Fleury-Mérogis, une « poudrière » saturée

Avec un taux de surpopulation carcérale de 150%, la plus grande maison d’arrêt d’Europe est loin d’être un cas isolé en Île-de-France : Fresnes dépasse les 200%.

source AFP

Plus de 4 500 détenus pour 3 036 places et des surveillants au bord de l’épuisement : bienvenue à Fleury-Mérogis. Au mois de juin, la direction a lancé un cri d’alarme. Côté syndicats, c’est la crainte d’une "poudrière prête à péter à tout moment". Avec un taux de surpopulation carcérale allant jusqu’à 150%, la plus grande maison d’arrêt d’Europe est loin d’être un cas isolé en Île-de-France, où l’établissement voisin de Fresnes dans le Val-de-Marne dépasse les 200%. Sa directrice Nadine Picquet a choisi d’alerter sa hiérarchie dans un courrier adressé le 20 juin dernier à la direction interrégionale de services pénitentiaires. Elle y évoque "une situation particulièrement inquiétante", "des quartiers arrivants saturés" rendant "les affectations, le profilage et le suivi des personnes détenues très complexe". A ce tableau noir s’ajoute l’arrivée fin avril de Salah Abdeslam, seul jihadiste encore en vie des commandos du 13 novembre, qui a mis les surveillants sous pression.

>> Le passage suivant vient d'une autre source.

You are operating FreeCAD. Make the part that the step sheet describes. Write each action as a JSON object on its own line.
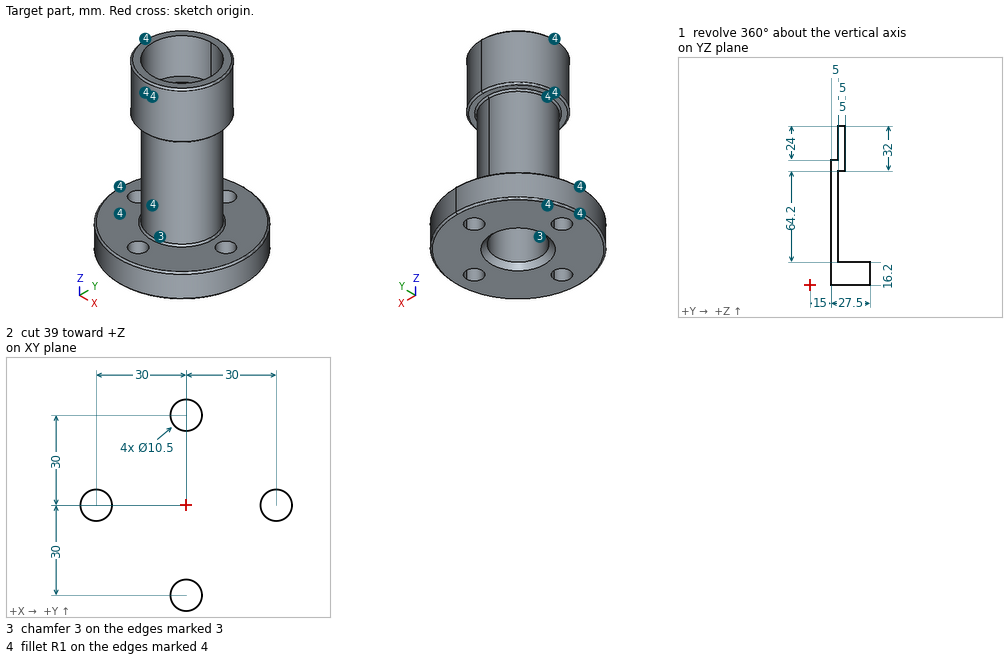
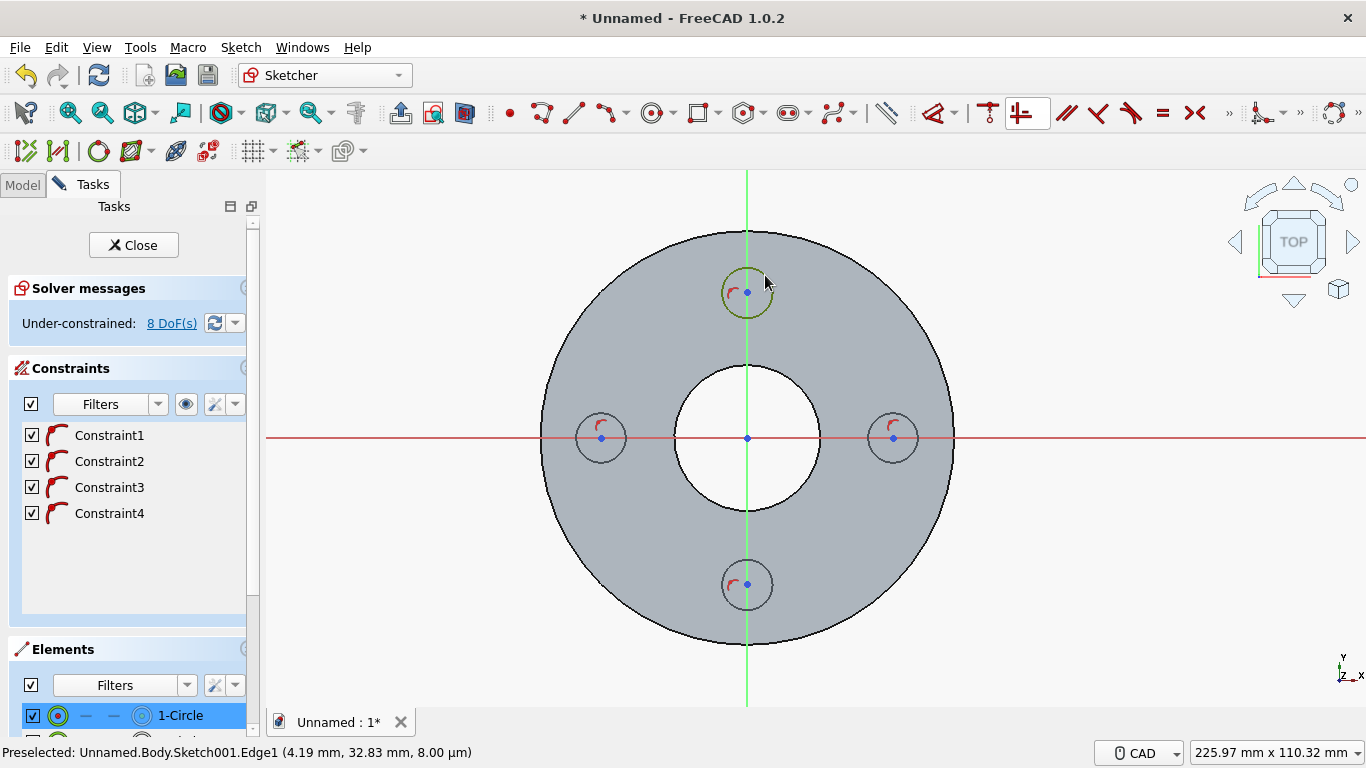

Des mots inhabituels qui font réagir. "Ce n’est pas un scoop", souligne une source judiciaire. "On a connu bien pire à la fin des années 1990", selon un membre du corps médical. C’est même du "foutage de gueule", selon un détenu, qui voit "tous les jours des gens qui entrent, et personne sortir". La directrice tente "un coup pour masquer ses propres négligences", estime même François Korber, délégué général de Robin des Lois, association de défense des détenus, rappelant les plaintes pour violences au quartier disciplinaire et la mort suspecte d’un détenu début avril. Mais pour le surveillant Arnaud Arame, délégué local de la CGT pénitentiaire, "le point de rupture est bien atteint. Fleury est une poudrière qui peut péter à tout moment". Alors qu’un moratoire sur l’encellulement individuel court jusqu’en 2019, toutes les cellules de la maison d’arrêt ont été doublées. Pour seize d’entre elles, des matelas ont été posés au sol pour y accueillir un troisième détenu.

"Yeux hagards"

Car les "quartiers arrivants" ne désemplissent pas. Mi-juin, 85 personnes ont été écrouées en un week-end, contre une grosse cinquantaine habituellement. Les détenus sont censés y rester une semaine avant d’être affectés dans une cellule dans les étages. "Actuellement, ils y restent à peine trois jours. On n’a pas le temps de les profiler, de détecter les radicalisés, on les rentre au chausse-pied", s’agace un représentant du syndicat pénitentiaire UFAP-UNSA. Résultat, "on finit par mettre ensemble des retraits de permis et d’autres qui reviennent de Syrie, (…) des fumeurs avec des non-fumeurs", ajoute-t-il.

Fleury-Mérogis pâtit également de son programme de rénovation, entamé en 2002 et censé s’achever en 2022. "Pendant les travaux, des capacités d’hébergements ont été (…) basculées d’un bâtiment sur l’autre", explique la source judiciaire. Après le grand quartier pour hommes, entièrement réhabilité, c’est au tour du centre des jeunes détenus (CJD) de bénéficier d’un coup de pinceau. Les détenus mineurs ont donc été provisoirement affectés au "bâtiment D4 (…) qui sert de variable d’ajustement pour désencombrer les autres bâtiments", selon la direction. Ces problèmes d’affectation, qui peuvent entraîner bagarres et racket, obligent les surveillants à multiplier les mutations de cellules. Des opérations chronophages et risquées auxquelles s’ajoutent les mouvements classiques: séries de parloirs, sorties en cours de promenade ou rendez-vous à l’infirmerie. A la fin de leur journée, les surveillants "sortent lessivés de leur coursive et soulagés de ne pas avoir été agressés", selon Parfait Sounouvou, de la CGT pénitentiaire. Dans certaines ailes, un surveillant peut avoir jusqu’à une centaine de détenus sous sa responsabilité et autant de sollicitations auxquelles il faut répondre. "Quand on a des demandes, ils oublient, ils disent +ouais d’accord+, ils s’en vont et ne reviennent plus parce qu’ils ne peuvent pas, ils sont débordés, ce sont des être humains", leur pardonne un autre détenu. Et d’ajouter, presque empathique : "certains, tu les vois, ils sont en sueur, ils traînent et te regardent avec les yeux hagards, comme s’ils venaient de faire un marathon".